## BRIEF
Give the number of lines containing "each" in this listing, with no other words.

## SOURCE MATERIAL
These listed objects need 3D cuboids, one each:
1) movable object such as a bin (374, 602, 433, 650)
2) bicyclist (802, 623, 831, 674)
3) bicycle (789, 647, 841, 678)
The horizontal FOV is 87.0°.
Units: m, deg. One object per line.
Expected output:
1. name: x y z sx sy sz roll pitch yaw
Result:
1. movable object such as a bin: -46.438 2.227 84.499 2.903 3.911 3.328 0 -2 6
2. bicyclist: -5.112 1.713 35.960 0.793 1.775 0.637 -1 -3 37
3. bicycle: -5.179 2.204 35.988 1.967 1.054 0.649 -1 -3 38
* * *
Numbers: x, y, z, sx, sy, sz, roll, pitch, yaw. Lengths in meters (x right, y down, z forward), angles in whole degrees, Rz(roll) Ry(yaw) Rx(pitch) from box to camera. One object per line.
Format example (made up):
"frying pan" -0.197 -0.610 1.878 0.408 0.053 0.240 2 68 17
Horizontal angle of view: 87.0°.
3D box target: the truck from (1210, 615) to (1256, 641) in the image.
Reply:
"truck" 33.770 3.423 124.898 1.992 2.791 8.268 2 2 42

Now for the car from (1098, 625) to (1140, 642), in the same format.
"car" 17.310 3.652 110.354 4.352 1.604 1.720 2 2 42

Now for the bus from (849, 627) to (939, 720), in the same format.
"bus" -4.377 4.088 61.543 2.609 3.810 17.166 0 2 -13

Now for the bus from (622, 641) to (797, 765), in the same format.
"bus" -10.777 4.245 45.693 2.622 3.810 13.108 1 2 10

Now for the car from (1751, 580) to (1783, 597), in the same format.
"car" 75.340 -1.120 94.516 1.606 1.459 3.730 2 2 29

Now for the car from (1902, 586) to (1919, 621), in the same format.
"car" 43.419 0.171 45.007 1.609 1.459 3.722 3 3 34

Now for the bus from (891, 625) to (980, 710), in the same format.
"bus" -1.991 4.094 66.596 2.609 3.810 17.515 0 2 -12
==
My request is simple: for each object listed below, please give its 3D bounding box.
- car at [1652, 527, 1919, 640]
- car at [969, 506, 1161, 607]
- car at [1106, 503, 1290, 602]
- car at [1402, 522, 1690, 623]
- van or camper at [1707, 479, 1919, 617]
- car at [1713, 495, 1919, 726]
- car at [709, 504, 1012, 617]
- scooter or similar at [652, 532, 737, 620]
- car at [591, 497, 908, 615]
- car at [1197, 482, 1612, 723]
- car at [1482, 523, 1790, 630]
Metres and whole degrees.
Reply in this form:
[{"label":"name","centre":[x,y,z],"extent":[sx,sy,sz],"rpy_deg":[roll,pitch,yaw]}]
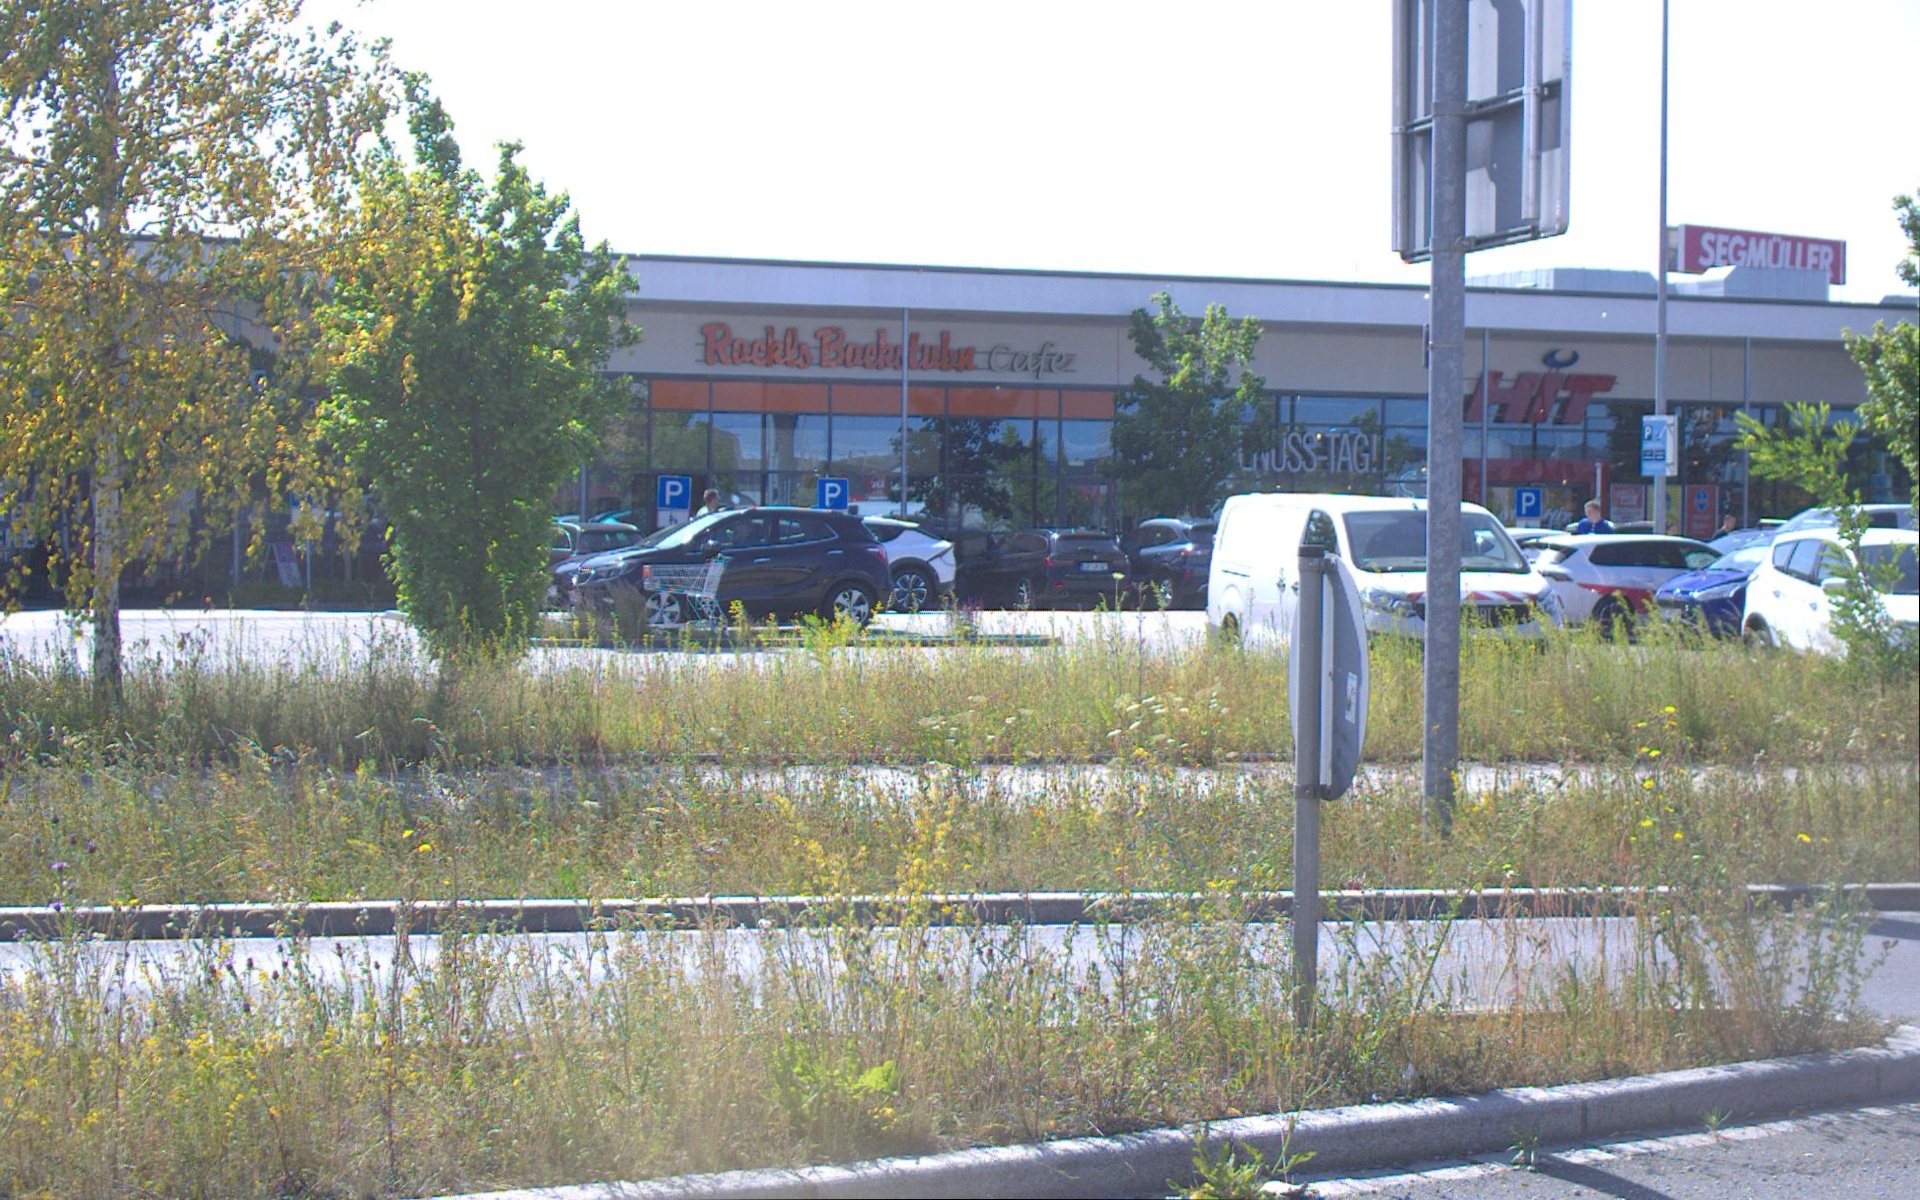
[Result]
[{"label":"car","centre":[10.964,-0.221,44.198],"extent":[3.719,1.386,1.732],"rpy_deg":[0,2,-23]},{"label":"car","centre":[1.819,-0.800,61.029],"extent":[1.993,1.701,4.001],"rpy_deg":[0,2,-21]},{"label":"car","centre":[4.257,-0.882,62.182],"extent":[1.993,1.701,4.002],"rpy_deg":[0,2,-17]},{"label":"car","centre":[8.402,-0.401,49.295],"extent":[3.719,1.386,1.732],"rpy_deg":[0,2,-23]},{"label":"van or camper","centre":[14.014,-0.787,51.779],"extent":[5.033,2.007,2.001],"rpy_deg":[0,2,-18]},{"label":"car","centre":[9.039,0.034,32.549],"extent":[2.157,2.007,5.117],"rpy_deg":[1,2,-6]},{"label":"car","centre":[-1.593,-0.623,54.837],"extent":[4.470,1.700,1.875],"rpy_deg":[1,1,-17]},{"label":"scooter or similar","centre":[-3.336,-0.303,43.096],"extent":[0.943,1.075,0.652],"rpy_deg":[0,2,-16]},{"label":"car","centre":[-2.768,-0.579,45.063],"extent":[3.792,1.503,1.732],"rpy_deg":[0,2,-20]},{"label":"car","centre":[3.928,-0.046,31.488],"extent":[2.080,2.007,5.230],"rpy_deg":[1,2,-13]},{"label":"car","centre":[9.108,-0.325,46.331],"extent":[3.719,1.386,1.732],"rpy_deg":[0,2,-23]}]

## YOUR SOLUTION
2